15.3. The party seeking indemnification hereunder shall promptly notify the indemnifying party in writing of any pending action and cooperate with the indemnifying party at the indemnifying party’s sole cost and expense. The indemnifying party shall immediately take control of the defense and investigation of such Action and shall employ counsel of its choice to handle and defend the same, at the indemnifying party’s sole cost and expense. The indemnified party may participate in and observe the proceedings at its own cost and expense.
16. Non-exclusivity
Automate America retains the right to perform the same or similar types of services for other companies and entities during the term of this Agreement and/or use the services of other companies to provide similar services.

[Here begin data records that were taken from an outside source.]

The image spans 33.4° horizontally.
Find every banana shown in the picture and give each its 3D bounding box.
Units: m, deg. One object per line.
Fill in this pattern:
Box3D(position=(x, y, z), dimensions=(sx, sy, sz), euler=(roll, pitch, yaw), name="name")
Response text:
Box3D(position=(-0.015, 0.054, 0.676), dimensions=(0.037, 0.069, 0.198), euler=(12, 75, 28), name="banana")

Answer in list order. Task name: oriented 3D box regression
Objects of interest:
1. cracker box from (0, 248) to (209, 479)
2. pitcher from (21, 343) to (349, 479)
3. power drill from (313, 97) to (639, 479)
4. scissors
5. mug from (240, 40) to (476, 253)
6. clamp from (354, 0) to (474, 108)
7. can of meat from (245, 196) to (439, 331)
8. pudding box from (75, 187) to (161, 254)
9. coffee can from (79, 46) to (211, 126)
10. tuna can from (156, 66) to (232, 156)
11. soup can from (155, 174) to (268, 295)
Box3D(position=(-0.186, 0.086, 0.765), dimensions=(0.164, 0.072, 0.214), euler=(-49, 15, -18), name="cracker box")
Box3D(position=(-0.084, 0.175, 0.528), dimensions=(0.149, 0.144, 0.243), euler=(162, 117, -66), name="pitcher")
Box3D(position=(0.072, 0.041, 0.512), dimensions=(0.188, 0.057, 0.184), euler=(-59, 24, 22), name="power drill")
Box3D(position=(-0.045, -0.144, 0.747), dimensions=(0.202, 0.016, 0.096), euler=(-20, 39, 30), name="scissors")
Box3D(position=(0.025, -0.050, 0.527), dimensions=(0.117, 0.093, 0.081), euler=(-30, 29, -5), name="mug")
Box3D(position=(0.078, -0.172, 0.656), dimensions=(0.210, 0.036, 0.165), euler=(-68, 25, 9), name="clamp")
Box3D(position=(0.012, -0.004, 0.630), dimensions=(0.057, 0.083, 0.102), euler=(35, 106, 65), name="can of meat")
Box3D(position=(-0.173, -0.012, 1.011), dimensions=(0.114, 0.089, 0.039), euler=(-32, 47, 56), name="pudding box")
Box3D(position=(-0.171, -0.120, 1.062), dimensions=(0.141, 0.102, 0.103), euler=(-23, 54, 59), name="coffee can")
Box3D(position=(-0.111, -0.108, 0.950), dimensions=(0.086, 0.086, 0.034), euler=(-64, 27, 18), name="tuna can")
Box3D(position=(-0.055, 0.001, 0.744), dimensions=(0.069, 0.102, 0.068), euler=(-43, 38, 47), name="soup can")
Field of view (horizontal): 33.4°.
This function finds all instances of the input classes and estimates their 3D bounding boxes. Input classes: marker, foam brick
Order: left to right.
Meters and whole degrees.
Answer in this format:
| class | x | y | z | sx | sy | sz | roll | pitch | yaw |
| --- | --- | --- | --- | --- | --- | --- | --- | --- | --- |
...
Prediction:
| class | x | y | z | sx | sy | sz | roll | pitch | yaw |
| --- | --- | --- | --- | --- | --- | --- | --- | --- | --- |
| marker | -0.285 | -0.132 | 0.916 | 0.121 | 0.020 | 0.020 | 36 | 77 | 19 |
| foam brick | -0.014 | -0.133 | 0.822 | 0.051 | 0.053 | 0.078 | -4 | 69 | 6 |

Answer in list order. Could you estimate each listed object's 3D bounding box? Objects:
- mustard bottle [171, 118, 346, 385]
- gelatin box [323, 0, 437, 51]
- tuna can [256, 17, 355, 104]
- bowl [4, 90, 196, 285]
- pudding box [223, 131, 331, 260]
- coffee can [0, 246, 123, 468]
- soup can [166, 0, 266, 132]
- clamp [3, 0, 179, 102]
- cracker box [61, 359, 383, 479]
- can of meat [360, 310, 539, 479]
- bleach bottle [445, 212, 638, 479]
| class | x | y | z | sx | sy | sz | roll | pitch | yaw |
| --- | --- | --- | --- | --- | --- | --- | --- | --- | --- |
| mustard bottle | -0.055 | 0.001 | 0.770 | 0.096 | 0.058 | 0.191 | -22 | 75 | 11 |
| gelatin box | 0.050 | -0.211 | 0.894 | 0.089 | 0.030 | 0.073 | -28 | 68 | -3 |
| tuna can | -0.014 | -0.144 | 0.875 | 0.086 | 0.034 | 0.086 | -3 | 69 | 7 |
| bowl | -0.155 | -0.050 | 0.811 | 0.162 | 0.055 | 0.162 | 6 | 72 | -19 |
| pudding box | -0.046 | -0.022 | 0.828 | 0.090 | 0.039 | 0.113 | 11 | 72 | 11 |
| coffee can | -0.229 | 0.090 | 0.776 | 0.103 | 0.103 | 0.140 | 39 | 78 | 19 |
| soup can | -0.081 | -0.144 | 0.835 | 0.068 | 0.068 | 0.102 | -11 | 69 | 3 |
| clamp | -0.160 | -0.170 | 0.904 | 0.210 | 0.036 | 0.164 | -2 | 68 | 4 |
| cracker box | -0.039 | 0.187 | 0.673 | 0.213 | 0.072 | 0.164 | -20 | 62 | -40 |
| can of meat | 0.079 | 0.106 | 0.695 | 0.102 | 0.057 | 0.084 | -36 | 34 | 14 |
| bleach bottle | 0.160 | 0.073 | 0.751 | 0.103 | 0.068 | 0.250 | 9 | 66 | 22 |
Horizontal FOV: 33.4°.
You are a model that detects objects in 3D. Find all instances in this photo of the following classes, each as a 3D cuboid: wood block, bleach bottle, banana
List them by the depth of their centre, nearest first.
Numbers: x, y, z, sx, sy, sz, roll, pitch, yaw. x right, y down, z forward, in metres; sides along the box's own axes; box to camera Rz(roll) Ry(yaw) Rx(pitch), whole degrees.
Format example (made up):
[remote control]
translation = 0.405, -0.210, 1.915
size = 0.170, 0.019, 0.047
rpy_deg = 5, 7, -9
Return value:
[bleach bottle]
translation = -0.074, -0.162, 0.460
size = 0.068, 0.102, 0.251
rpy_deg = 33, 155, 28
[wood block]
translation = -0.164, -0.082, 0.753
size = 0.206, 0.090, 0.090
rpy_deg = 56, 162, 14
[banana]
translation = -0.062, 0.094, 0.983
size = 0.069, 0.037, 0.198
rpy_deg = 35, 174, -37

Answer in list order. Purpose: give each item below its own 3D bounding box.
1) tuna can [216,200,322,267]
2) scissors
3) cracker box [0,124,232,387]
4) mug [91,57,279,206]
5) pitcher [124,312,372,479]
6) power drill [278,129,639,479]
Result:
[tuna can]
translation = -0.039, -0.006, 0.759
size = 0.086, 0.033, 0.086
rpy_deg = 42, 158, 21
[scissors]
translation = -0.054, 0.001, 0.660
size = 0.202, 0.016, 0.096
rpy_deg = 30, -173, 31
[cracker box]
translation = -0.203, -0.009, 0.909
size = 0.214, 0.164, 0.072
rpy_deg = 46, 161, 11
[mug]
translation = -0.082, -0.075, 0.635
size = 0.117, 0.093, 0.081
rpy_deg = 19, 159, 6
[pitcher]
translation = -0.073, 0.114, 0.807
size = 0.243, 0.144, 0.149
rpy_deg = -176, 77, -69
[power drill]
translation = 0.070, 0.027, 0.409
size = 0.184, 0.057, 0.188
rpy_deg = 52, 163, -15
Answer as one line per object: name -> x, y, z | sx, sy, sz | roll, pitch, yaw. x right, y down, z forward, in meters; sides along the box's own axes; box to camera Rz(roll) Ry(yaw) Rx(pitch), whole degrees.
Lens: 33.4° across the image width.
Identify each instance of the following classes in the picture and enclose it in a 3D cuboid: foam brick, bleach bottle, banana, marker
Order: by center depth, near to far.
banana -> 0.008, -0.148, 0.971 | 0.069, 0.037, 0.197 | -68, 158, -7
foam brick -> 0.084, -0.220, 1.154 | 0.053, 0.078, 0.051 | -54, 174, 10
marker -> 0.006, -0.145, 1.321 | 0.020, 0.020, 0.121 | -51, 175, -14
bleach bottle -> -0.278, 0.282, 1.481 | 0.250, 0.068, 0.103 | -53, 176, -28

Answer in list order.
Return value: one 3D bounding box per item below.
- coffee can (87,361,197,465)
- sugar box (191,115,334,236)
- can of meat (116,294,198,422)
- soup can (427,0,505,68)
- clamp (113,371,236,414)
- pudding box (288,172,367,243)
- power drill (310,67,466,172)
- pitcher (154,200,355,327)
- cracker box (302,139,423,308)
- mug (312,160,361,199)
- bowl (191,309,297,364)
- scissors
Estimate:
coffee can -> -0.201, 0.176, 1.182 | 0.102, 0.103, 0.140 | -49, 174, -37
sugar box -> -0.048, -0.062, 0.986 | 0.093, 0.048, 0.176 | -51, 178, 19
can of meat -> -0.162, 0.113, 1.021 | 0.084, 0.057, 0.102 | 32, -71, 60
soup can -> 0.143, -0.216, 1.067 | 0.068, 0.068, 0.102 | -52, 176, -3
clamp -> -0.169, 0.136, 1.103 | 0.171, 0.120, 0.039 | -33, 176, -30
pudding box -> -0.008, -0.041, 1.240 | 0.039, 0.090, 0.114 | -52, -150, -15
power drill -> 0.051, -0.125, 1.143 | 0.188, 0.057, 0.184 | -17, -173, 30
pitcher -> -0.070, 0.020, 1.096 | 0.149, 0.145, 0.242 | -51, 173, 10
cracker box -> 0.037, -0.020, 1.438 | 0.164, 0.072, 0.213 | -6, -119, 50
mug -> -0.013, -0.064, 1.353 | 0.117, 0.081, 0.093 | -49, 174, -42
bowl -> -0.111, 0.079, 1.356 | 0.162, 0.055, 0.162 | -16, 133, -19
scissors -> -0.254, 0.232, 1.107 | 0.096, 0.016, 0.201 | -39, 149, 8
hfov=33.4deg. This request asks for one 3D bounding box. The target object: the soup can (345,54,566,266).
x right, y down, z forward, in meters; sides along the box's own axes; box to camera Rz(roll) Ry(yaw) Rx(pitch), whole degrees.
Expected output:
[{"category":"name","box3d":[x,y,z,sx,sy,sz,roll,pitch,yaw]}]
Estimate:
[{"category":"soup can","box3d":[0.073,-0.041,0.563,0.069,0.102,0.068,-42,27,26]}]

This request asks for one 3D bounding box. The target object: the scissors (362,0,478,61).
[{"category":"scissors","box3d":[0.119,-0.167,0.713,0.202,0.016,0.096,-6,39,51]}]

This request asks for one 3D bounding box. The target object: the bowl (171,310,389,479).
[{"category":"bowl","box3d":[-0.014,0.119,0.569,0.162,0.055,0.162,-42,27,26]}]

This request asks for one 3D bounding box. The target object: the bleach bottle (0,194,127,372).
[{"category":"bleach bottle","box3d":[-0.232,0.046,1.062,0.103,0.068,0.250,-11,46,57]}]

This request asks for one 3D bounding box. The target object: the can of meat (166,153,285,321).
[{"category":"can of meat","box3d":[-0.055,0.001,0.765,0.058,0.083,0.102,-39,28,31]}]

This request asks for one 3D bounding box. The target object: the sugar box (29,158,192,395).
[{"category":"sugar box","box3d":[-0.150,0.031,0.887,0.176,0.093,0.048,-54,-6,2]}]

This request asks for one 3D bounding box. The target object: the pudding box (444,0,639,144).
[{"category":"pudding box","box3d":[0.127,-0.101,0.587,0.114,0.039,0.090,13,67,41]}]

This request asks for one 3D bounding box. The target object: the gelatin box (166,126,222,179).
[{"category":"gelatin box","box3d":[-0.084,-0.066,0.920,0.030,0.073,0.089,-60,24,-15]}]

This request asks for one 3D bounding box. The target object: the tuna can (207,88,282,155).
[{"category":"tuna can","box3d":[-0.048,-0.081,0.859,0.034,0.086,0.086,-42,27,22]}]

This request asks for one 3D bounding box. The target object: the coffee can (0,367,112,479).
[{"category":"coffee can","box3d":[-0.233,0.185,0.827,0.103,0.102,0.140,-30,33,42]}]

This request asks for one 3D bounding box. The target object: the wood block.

Customer also retains the right to hire any of the Appointed Workers directly, as long as Appointed Worker is an independent contractor, or direct employment of another company’s employee has been agreed upon in writing prior to company’s employee accepting employment.
17. Governing Law
This Agreement shall be governed by and construed in accordance with the laws of the State of South Carolina, without giving effect to South Carolina’s rules of conflicts of law, and regardless of the place or places of its physical execution and performance. The parties agree that all claims must be brought exclusively in courts of competent jurisdiction in Greenville, South Carolina.